— Сделайте это еще раз, и я сама оттолкну вас, — прошипела ей на ухо Екатерина.
Нан обернулась к мужу, который шел позади вместе с Томом. Раздался ее громкий голос:
— Милорд, разве король Генрих женился на Кэтрин Парр не в старческом слабоумии, когда пал так низко из-за своего любострастия и жестокости, что ни одна женщина, ценящая свою честь, и близко не подошла бы к нему? И теперь я должна уступить место вдове Латимера, которая отдалась вашему младшему брату? Если господин адмирал не научит свою супругу манерам, это сделаю я.
Дрожа от ярости и стыда, Екатерина открыла рот, чтобы дать едкий ответ, но ее опередил Том, заговорив тоном, не предвещавшим ничего хорошего:
— Брат, помнится, эта леди лишила наследства ваших сыновей от первого брака. Я с удовольствием позову своих адвокатов, чтобы те добились восстановления отобранных у них прав и во исправление великой несправедливости поставили их прежде ее сыновей. Не забывайте, я был свидетелем того, как вы вышвырнули из дому свою первую жену. Могу припомнить еще много чего.

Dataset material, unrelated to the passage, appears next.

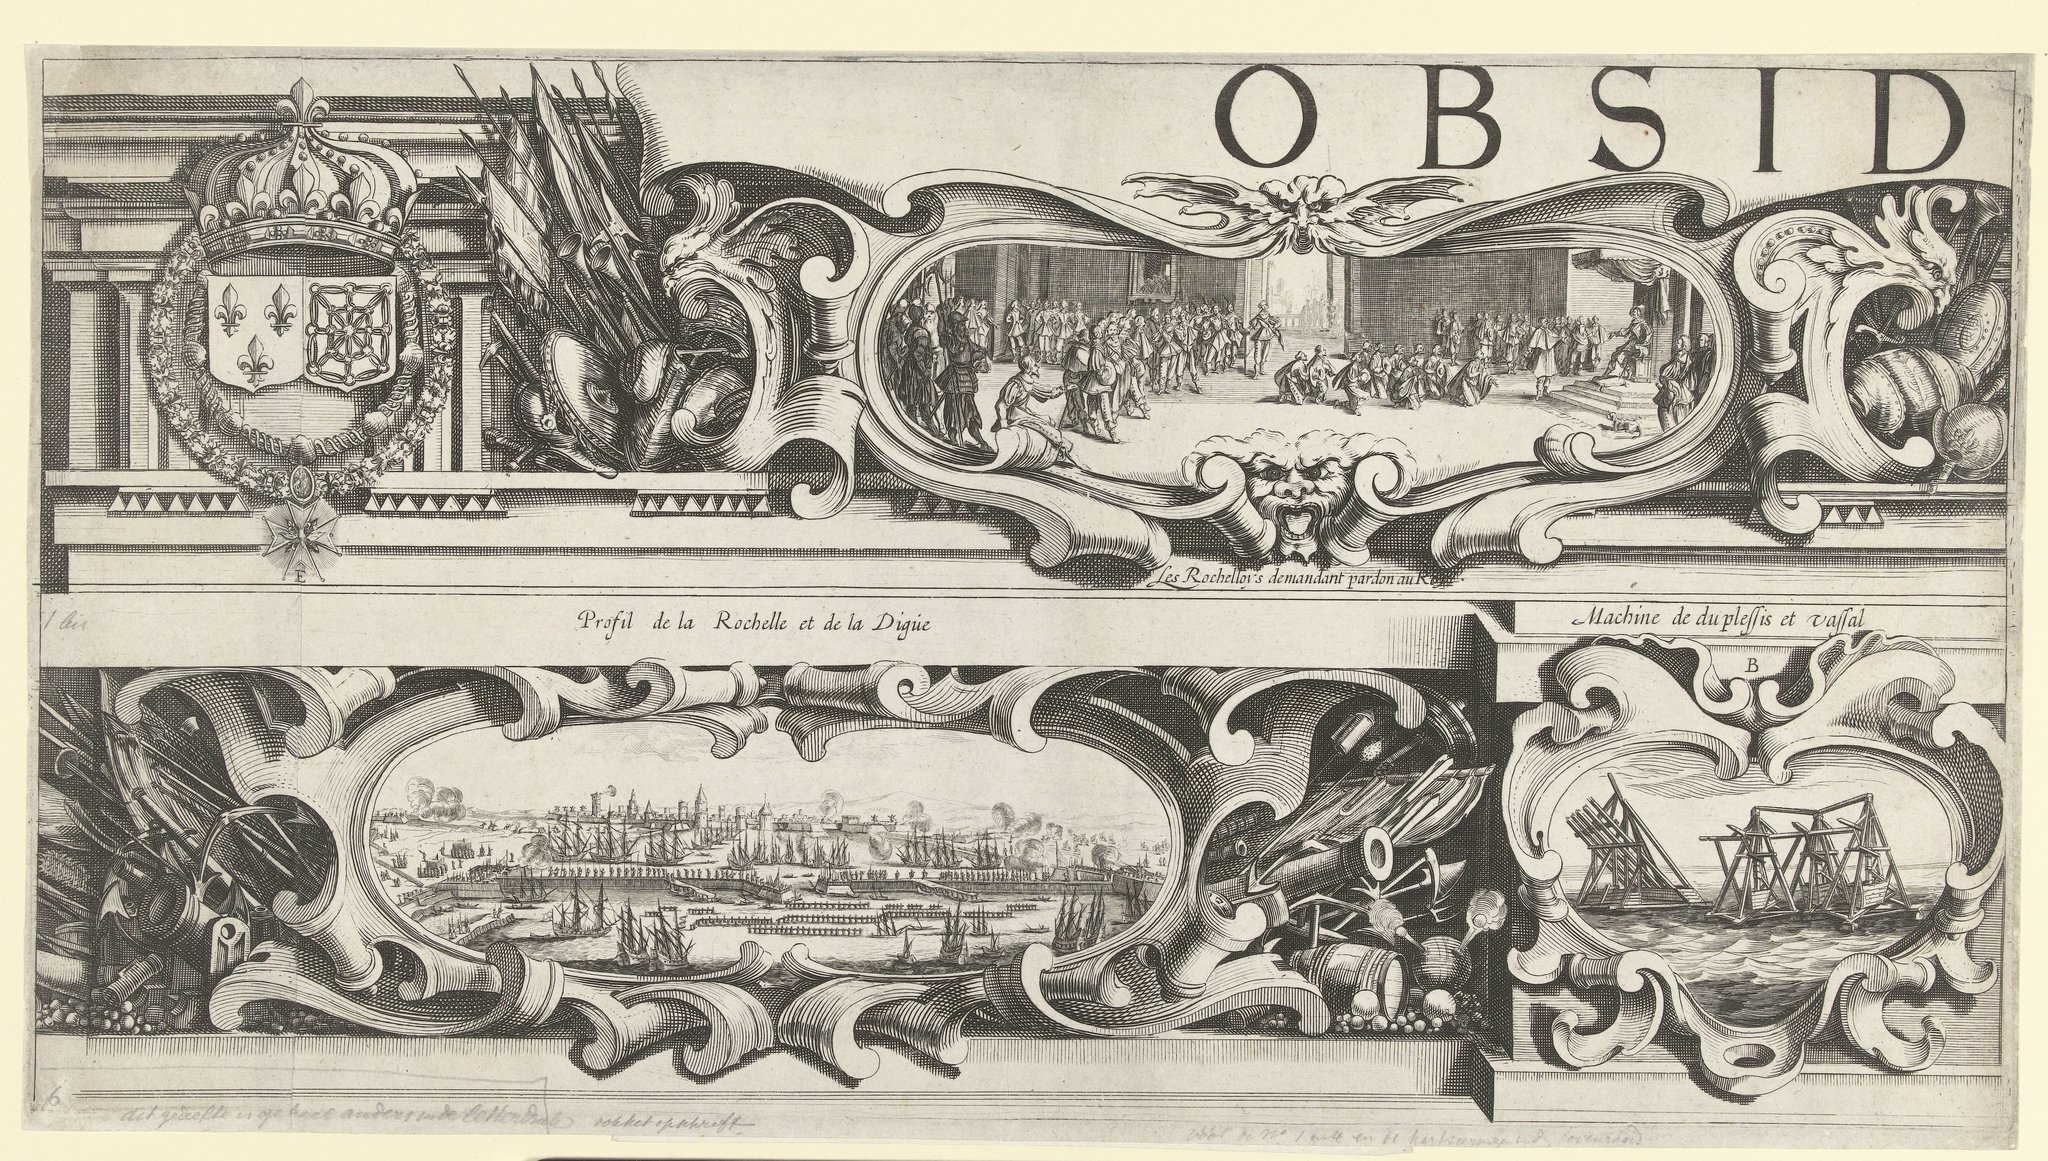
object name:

Екатерина не смела оглянуться на Нэда, но почувствовала, как тот застыл у нее за спиной. Молчание его говорило само за себя. Том рассказывал ей, что двадцать лет назад Нэд заподозрил их отца в том, что тот зачал двоих старших его сыновей. Питая отвращение к своей жене, он отправил ее в монастырь и запретил ей видеться с детьми. Однако Том считал, что по крайней мере один из них мог быть ребенком Нэда и лишение наследства их обоих было несправедливой жестокостью. Нан заставила Нэда сделать это, зудела и пилила его, пока он не уступил ей. Легко было понять, почему угрозы Тома — шантажа, как на это ни посмотри, — оказалось достаточно, чтобы его брат умолк, будто язык проглотил.
— Миледи, — тихо проговорил Нэд на ухо Нан, — из вежливости вы могли бы позволить ее милости пройти прежде вас.
Нан бросила на него взгляд, каким можно было бы сразить дракона, но отступила, и прием прошел без дальнейших инцидентов.
Однако на следующий день в Челси доставили письмо. От Нэда. Он не видит возможности передать украшения Екатерине, потому что они собственность Короны и не могут быть отчуждены даже волей короля. От ярости Екатерина опрокинула стул, испугав своих дам, а Риг вообще убежал и забился в угол.
— Как он смеет! Как она смеет! — возмущенно вскрикнула Екатерина, после чего укрылась в обнесенном оградой саду и ходила по нему кругами, не зная, как унять гнев. Эта женщина — эта мегера — обошла ее, и Екатерина готова была задушить мерзавку, окажись та в пределах досягаемости. Никогда, никогда больше она не поедет ко двору.